====== Data ======

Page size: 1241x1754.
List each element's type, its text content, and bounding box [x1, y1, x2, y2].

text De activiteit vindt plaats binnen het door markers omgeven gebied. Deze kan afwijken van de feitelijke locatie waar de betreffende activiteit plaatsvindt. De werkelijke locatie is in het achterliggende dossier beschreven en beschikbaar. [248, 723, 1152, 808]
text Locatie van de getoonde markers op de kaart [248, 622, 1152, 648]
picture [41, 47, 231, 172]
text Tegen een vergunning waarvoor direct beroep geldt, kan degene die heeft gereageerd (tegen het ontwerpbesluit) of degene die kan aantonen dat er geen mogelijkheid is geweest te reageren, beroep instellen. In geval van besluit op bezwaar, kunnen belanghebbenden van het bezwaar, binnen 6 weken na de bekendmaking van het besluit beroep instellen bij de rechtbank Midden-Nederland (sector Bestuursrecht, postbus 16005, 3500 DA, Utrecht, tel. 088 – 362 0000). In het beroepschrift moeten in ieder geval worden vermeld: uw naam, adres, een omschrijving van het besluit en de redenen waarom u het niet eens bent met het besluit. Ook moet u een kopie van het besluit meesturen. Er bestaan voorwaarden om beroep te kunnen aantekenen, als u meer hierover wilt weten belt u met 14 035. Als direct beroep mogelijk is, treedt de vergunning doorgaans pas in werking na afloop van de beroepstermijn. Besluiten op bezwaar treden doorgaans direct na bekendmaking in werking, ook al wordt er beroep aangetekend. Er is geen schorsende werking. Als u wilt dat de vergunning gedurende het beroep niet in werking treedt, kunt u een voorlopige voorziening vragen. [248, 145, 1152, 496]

======
====== Data ======

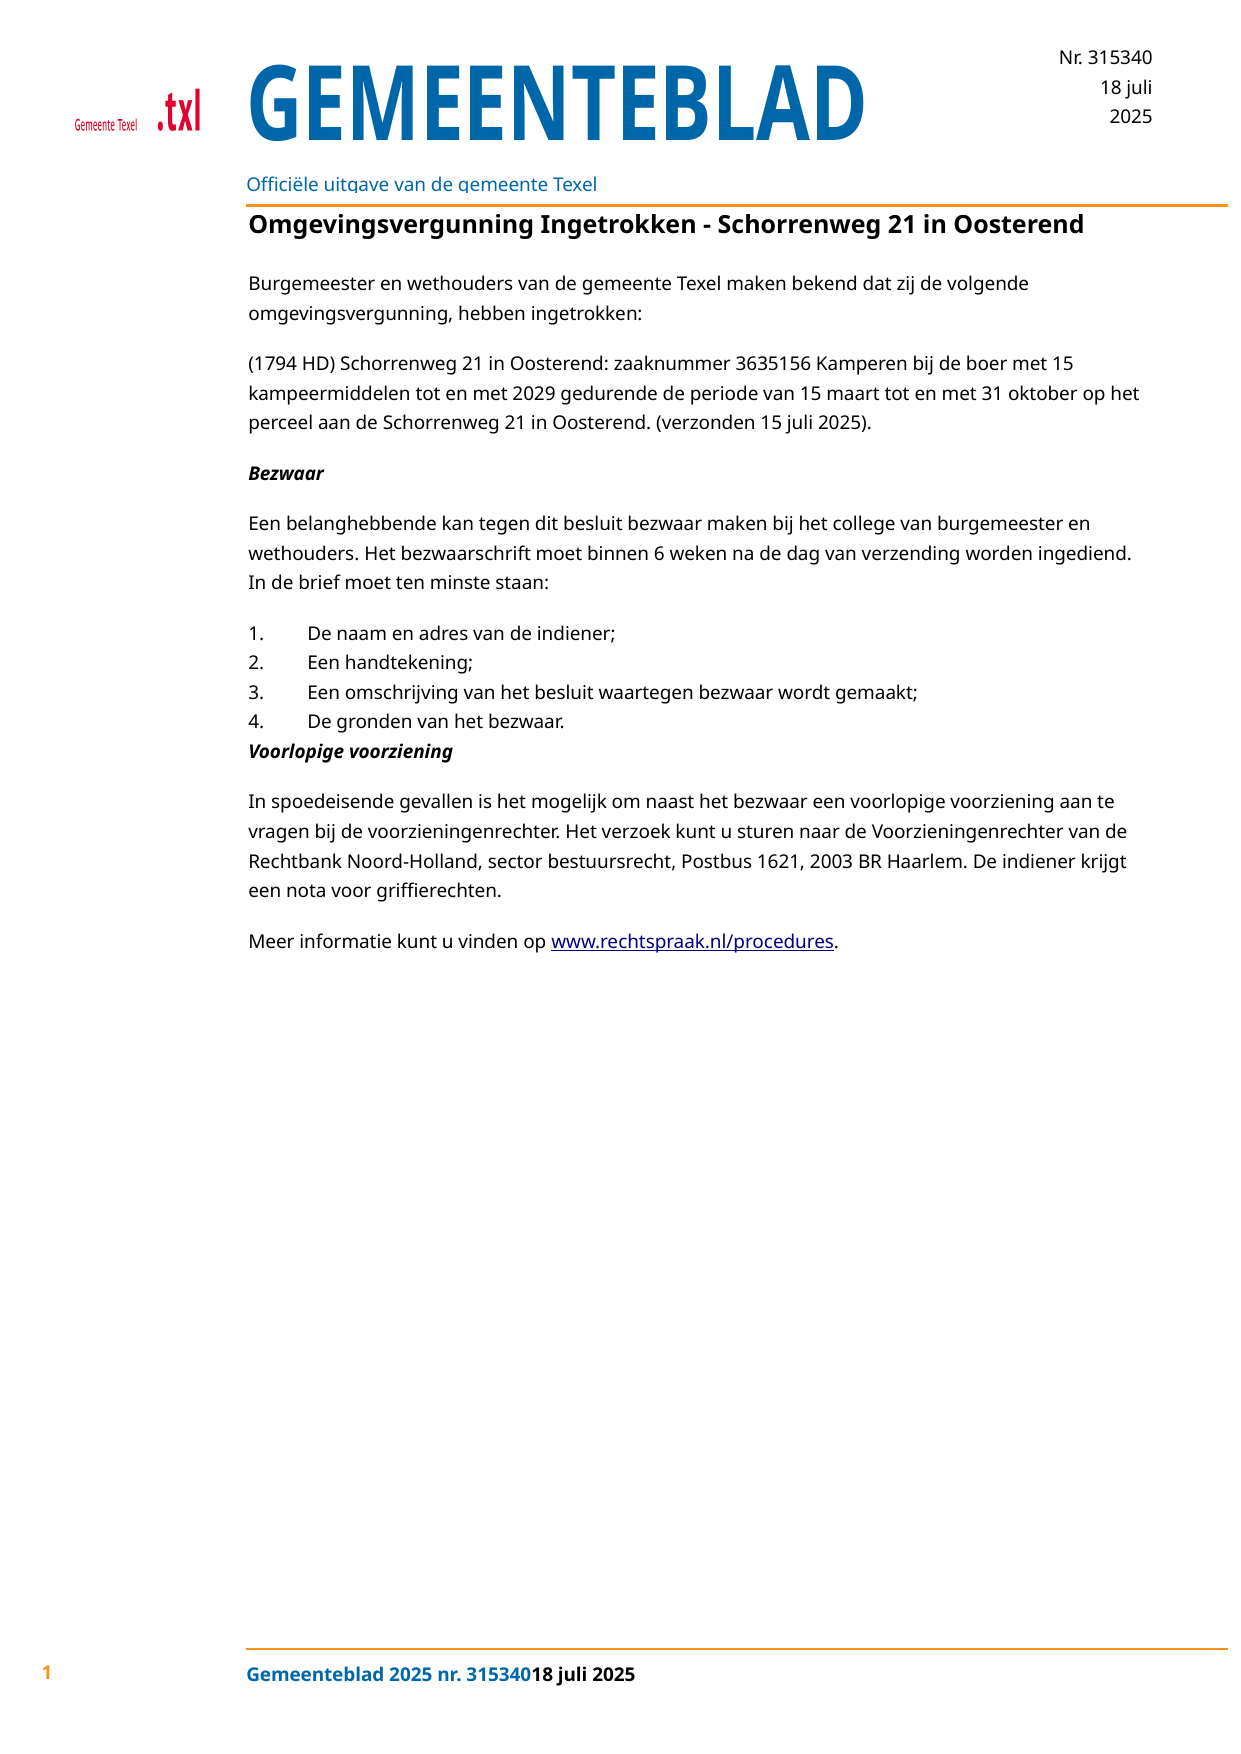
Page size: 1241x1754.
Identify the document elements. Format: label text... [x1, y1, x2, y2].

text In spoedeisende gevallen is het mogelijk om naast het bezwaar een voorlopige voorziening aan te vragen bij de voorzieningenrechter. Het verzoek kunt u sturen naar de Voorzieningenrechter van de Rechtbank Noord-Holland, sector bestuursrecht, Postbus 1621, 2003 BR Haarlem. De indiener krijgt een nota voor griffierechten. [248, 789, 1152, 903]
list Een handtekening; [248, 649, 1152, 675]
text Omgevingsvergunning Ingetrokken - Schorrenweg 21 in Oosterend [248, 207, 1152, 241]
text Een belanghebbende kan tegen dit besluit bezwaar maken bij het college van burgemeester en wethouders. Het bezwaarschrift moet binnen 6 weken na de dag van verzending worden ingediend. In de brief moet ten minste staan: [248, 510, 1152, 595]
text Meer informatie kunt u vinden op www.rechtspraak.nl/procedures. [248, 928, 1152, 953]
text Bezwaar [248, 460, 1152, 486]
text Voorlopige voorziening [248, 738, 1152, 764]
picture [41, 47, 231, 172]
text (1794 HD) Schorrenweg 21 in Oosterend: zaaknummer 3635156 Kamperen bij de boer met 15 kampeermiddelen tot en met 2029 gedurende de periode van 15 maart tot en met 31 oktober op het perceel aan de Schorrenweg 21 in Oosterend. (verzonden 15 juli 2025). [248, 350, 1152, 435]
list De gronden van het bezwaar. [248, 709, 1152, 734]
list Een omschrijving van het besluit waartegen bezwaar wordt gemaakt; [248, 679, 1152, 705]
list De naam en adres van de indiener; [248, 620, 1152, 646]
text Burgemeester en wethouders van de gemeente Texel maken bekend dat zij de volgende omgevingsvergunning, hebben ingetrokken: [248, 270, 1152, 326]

======

## Instructions for the task
Using the listing above, return all lines where the word "maken" occurs.

## Worked solution
text Een belanghebbende kan tegen dit besluit bezwaar maken bij het college van burgemeester en wethouders. Het bezwaarschrift moet binnen 6 weken na de dag van verzending worden ingediend. In de brief moet ten minste staan: [248, 510, 1152, 595]
text Burgemeester en wethouders van de gemeente Texel maken bekend dat zij de volgende omgevingsvergunning, hebben ingetrokken: [248, 270, 1152, 326]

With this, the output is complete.